### Problem to solve
Exactly how many lines below mention "bounding"? Answer with that number alone.

Record excerpts START

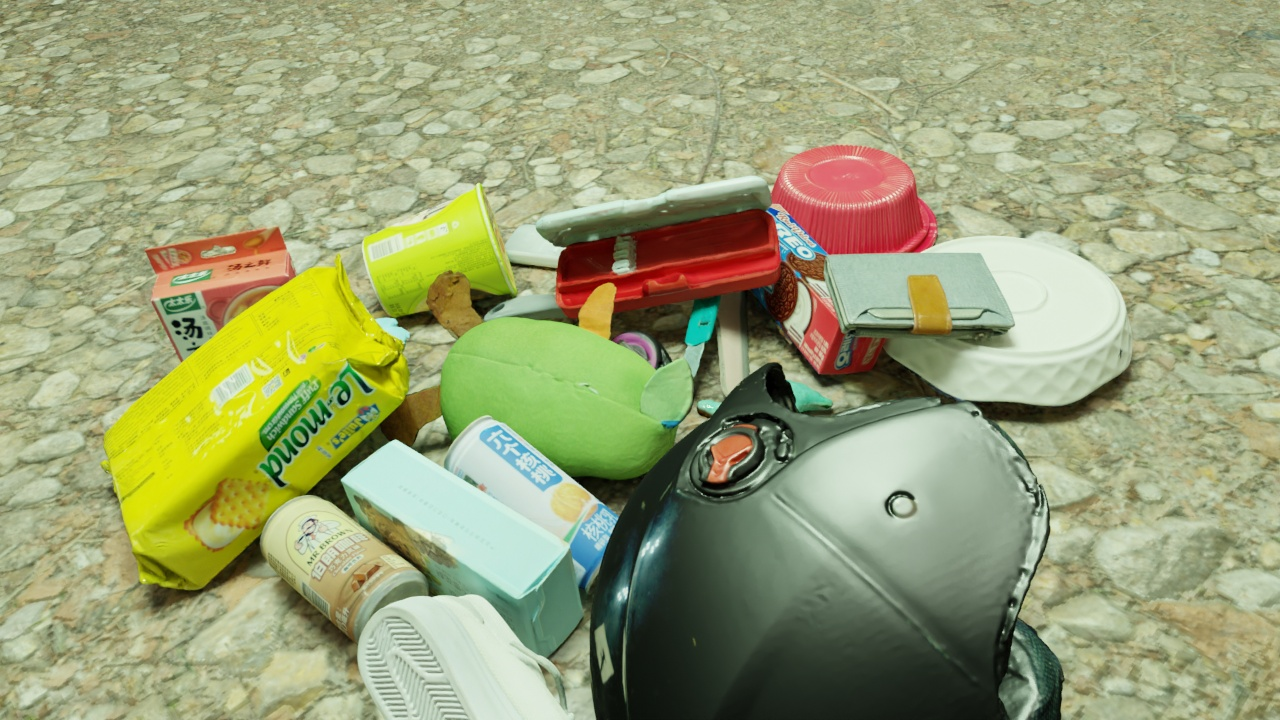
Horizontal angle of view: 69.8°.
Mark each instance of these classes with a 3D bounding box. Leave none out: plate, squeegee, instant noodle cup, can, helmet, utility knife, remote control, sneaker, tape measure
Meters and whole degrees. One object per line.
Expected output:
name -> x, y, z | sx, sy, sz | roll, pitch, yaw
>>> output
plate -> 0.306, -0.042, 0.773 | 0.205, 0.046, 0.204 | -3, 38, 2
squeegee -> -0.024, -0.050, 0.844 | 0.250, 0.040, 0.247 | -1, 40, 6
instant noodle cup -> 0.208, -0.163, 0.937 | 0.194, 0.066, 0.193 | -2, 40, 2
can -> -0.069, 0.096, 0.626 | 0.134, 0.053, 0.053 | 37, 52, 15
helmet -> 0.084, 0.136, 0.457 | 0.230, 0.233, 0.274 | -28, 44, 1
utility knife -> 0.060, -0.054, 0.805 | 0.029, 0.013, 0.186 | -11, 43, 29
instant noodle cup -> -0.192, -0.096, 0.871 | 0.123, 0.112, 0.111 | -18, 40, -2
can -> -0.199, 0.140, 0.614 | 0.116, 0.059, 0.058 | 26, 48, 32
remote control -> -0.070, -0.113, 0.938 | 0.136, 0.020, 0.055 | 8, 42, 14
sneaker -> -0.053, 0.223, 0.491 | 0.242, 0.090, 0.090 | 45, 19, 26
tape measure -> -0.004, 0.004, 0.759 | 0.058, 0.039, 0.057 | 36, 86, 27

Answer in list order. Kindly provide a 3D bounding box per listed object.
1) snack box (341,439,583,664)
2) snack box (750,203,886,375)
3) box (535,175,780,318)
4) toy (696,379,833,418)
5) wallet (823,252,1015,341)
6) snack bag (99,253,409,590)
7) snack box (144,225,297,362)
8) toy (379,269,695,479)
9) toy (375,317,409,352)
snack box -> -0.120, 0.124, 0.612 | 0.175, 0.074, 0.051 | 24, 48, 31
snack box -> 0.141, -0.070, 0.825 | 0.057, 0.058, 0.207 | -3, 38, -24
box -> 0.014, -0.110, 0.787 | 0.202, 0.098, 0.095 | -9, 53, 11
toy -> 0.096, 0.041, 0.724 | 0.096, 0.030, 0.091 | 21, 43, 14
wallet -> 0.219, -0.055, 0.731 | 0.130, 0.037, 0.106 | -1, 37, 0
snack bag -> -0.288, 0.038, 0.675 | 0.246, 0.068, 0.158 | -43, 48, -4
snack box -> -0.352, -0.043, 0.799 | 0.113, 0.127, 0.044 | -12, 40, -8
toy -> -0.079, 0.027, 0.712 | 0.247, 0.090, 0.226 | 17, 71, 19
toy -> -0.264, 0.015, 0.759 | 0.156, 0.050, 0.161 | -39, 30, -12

Record excerpts END

### Result of the exercise
2